**DESCRIPTION OF THE TASK**
Your answer must be an exact copy of the records, minus any pictures.

[Data records]

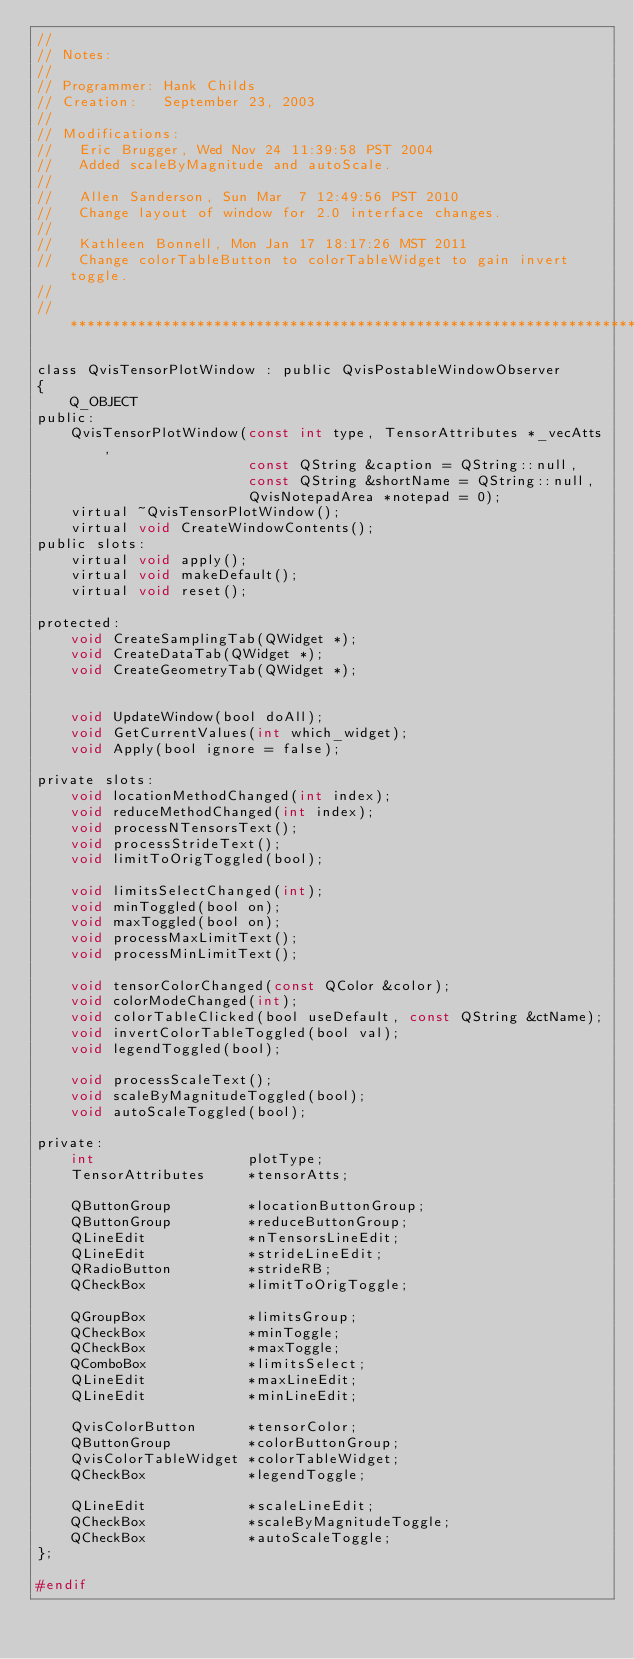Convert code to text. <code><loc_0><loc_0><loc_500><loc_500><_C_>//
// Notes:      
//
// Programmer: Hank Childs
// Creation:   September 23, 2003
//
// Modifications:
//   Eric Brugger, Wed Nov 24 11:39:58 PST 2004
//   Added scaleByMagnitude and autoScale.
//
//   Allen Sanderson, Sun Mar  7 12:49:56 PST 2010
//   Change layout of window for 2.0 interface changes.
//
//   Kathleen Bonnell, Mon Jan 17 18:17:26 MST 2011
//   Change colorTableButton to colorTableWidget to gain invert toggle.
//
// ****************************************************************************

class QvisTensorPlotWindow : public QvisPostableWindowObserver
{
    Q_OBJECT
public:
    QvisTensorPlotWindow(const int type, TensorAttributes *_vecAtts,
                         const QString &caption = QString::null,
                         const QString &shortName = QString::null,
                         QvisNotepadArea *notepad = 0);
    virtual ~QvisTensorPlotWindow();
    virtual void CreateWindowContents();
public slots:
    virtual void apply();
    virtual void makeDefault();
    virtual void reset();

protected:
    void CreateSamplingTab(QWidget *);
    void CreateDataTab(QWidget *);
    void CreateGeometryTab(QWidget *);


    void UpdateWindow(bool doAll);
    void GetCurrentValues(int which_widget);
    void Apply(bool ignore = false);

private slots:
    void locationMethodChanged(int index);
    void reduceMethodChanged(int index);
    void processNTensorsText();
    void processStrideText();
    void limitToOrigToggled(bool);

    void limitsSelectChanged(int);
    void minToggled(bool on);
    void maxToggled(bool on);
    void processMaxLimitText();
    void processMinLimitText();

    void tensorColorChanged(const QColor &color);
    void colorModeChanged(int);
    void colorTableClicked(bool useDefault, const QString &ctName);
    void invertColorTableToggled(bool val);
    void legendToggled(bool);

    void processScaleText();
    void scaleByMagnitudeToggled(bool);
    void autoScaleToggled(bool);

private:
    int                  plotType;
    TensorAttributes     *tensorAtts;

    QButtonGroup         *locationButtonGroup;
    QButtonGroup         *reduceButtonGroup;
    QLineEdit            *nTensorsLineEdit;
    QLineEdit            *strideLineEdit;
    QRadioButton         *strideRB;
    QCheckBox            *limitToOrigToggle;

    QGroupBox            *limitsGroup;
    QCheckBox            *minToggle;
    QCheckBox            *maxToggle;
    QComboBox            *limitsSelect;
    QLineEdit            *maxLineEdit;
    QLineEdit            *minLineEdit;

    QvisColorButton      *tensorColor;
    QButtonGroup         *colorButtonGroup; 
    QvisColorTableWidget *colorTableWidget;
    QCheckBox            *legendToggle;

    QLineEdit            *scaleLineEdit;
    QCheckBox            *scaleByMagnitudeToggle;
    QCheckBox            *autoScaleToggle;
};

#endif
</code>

**ANSWER FOR THIS EXERCISE**
Convert code to text. <code><loc_0><loc_0><loc_500><loc_500><_C_>//
// Notes:      
//
// Programmer: Hank Childs
// Creation:   September 23, 2003
//
// Modifications:
//   Eric Brugger, Wed Nov 24 11:39:58 PST 2004
//   Added scaleByMagnitude and autoScale.
//
//   Allen Sanderson, Sun Mar  7 12:49:56 PST 2010
//   Change layout of window for 2.0 interface changes.
//
//   Kathleen Bonnell, Mon Jan 17 18:17:26 MST 2011
//   Change colorTableButton to colorTableWidget to gain invert toggle.
//
// ****************************************************************************

class QvisTensorPlotWindow : public QvisPostableWindowObserver
{
    Q_OBJECT
public:
    QvisTensorPlotWindow(const int type, TensorAttributes *_vecAtts,
                         const QString &caption = QString::null,
                         const QString &shortName = QString::null,
                         QvisNotepadArea *notepad = 0);
    virtual ~QvisTensorPlotWindow();
    virtual void CreateWindowContents();
public slots:
    virtual void apply();
    virtual void makeDefault();
    virtual void reset();

protected:
    void CreateSamplingTab(QWidget *);
    void CreateDataTab(QWidget *);
    void CreateGeometryTab(QWidget *);


    void UpdateWindow(bool doAll);
    void GetCurrentValues(int which_widget);
    void Apply(bool ignore = false);

private slots:
    void locationMethodChanged(int index);
    void reduceMethodChanged(int index);
    void processNTensorsText();
    void processStrideText();
    void limitToOrigToggled(bool);

    void limitsSelectChanged(int);
    void minToggled(bool on);
    void maxToggled(bool on);
    void processMaxLimitText();
    void processMinLimitText();

    void tensorColorChanged(const QColor &color);
    void colorModeChanged(int);
    void colorTableClicked(bool useDefault, const QString &ctName);
    void invertColorTableToggled(bool val);
    void legendToggled(bool);

    void processScaleText();
    void scaleByMagnitudeToggled(bool);
    void autoScaleToggled(bool);

private:
    int                  plotType;
    TensorAttributes     *tensorAtts;

    QButtonGroup         *locationButtonGroup;
    QButtonGroup         *reduceButtonGroup;
    QLineEdit            *nTensorsLineEdit;
    QLineEdit            *strideLineEdit;
    QRadioButton         *strideRB;
    QCheckBox            *limitToOrigToggle;

    QGroupBox            *limitsGroup;
    QCheckBox            *minToggle;
    QCheckBox            *maxToggle;
    QComboBox            *limitsSelect;
    QLineEdit            *maxLineEdit;
    QLineEdit            *minLineEdit;

    QvisColorButton      *tensorColor;
    QButtonGroup         *colorButtonGroup; 
    QvisColorTableWidget *colorTableWidget;
    QCheckBox            *legendToggle;

    QLineEdit            *scaleLineEdit;
    QCheckBox            *scaleByMagnitudeToggle;
    QCheckBox            *autoScaleToggle;
};

#endif
</code>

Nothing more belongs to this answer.